Expansion to Stahle NOAMER Sites
Next I experimented with an expansion to include the 16 Stahle sites in the NOAMER network (located in Arkansas and SE United States.) The hiving off the TXOK and SWM networks creates an odd discontinuity in the NOAMER network which is otherwise heavily oriented to SW United States sites. The strong pattern of spatial autocorrelation is preserved in the larger network.
Again because the sites are positively correlated, the PC1 is again a sort of weighted average with interior sites once again being much more heavily weighted. In this case, because of the changed geometry, a different set of interior sites are so weighted.
Next as before, here are the corresponding plots for the PC2 and PC3. The PC2 sort of looks for a West to East gradient in the present geometry, while the PC3 seems to pick out a few sites for highlighting.

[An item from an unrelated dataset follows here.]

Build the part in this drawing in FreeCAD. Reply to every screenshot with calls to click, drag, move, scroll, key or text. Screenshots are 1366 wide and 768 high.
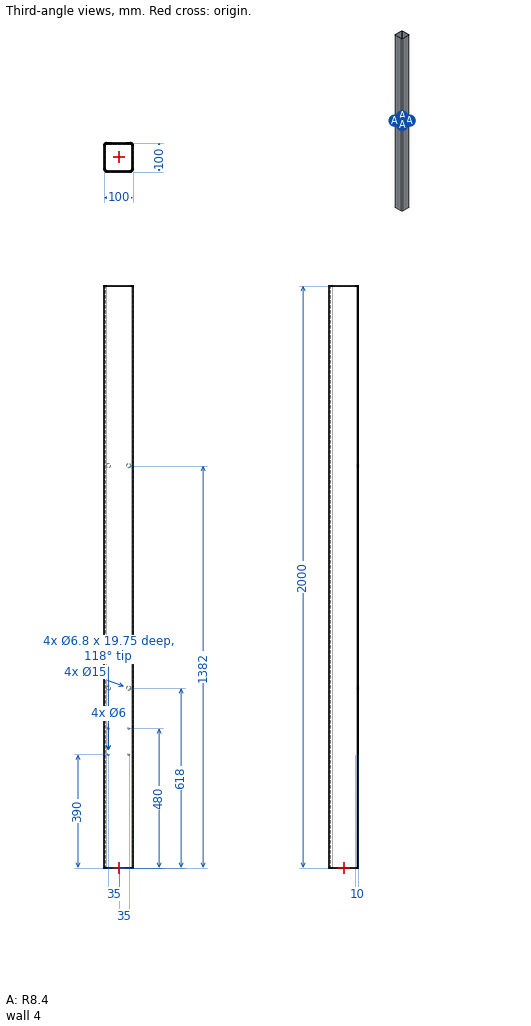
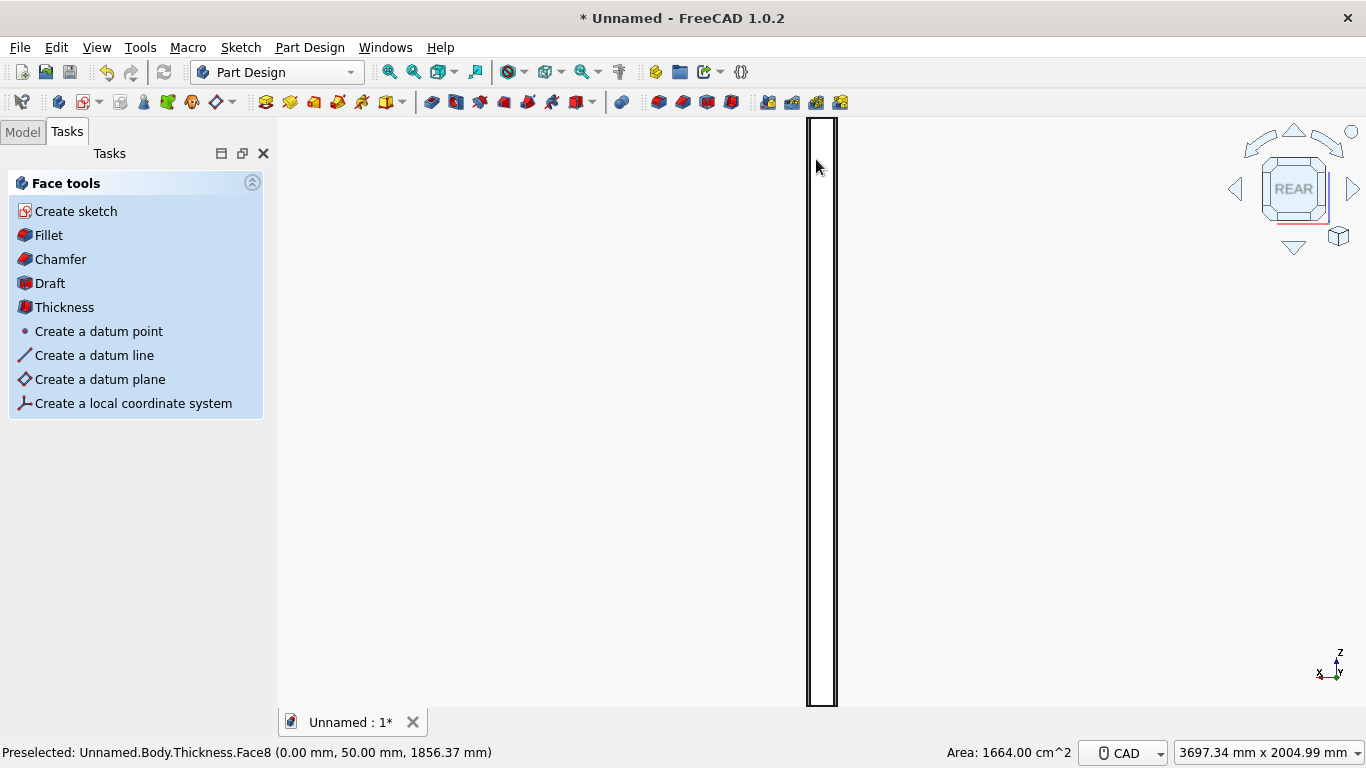
click(84, 102)

When one is developing statistical methodologies, it’s really a bad idea to develop them on data sets where you’re also trying to obtain an important applied result. If Mann et al believed that principal components were a useful method of analyzing tree ring networks, then prior to incorporating output from such calculations into a complicated multiproxy study, the validity of the methodology itself should be demonstrated on relatively uncontroversial data sets. In the above figures, neither Mannian principal components nor bristlecones rear their ugly heads. And yet we can see many issues and questions arising from the simplest sort of technical analysis of principal components applied to uncomplicated tree ring networks.
In these networks, it seems certain that even a centered PC1 is a far from ideal estimator of whatever field is governing this particular network (and establishing a connection between that field and climate fields is a separate topic unto itself.) The PC1 is over-influenced by interior points merely from the geometry. It seems impossible to visualize any plausible meaning to the patterns of lower order eigenvector weighting other than the combination of accidental geometric availability and selection together with spatial autocorrelation.

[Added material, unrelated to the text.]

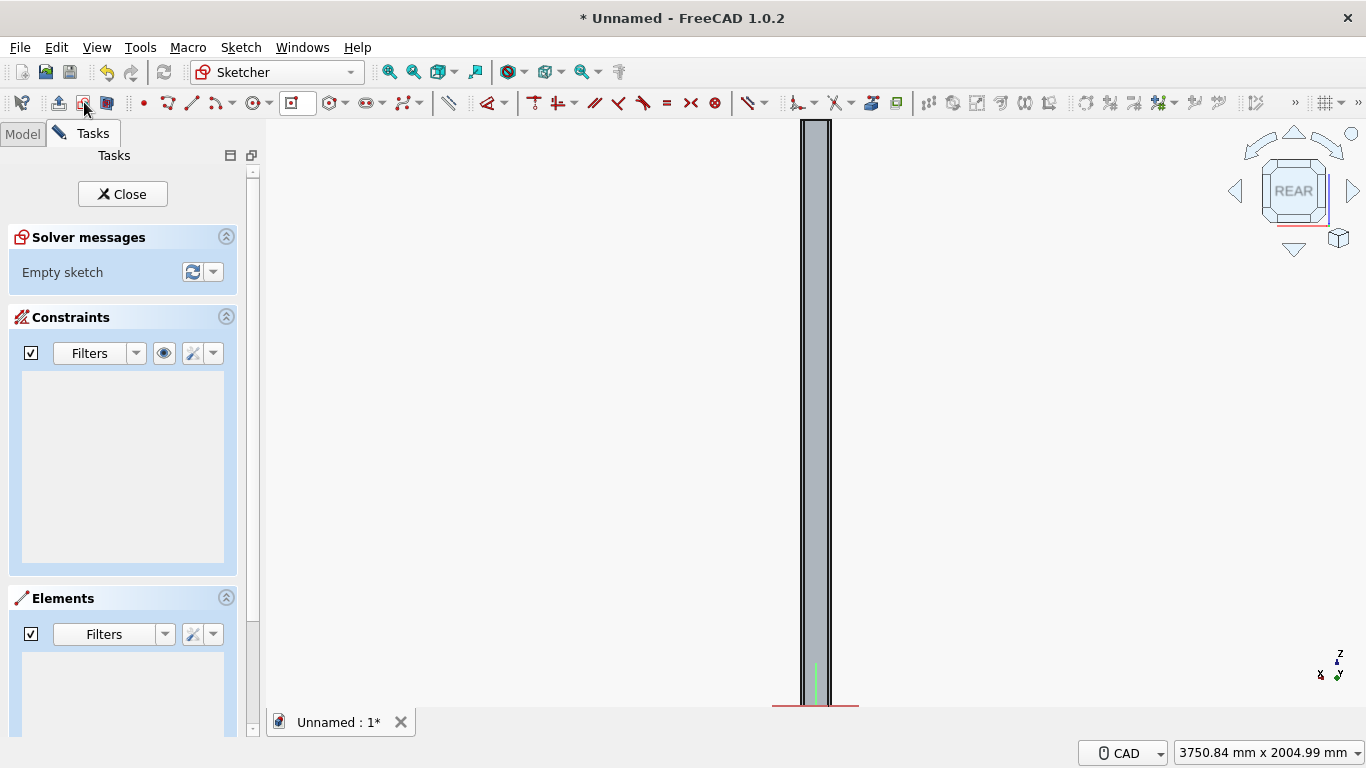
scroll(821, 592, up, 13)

Having said all that, I can see one useful outcome in terms of statistical testing, which may enable all but the most hard-core Mannians to appreciate the problems inherent in the Graybill chronologies. If tree ring chronologies are governed by spatial autocorrelation, it is highly unlikely, to say the least, that Graybill should uniquely have been able to detect shifts in 20th century mean from historic levels. The failure of Ababneh to replicate Graybill’s Sheep Mountain chronology is a very serious problem. It’s far more likely that Mann (and Tamino) are in possession of a flawed instrument rather than a magic flute.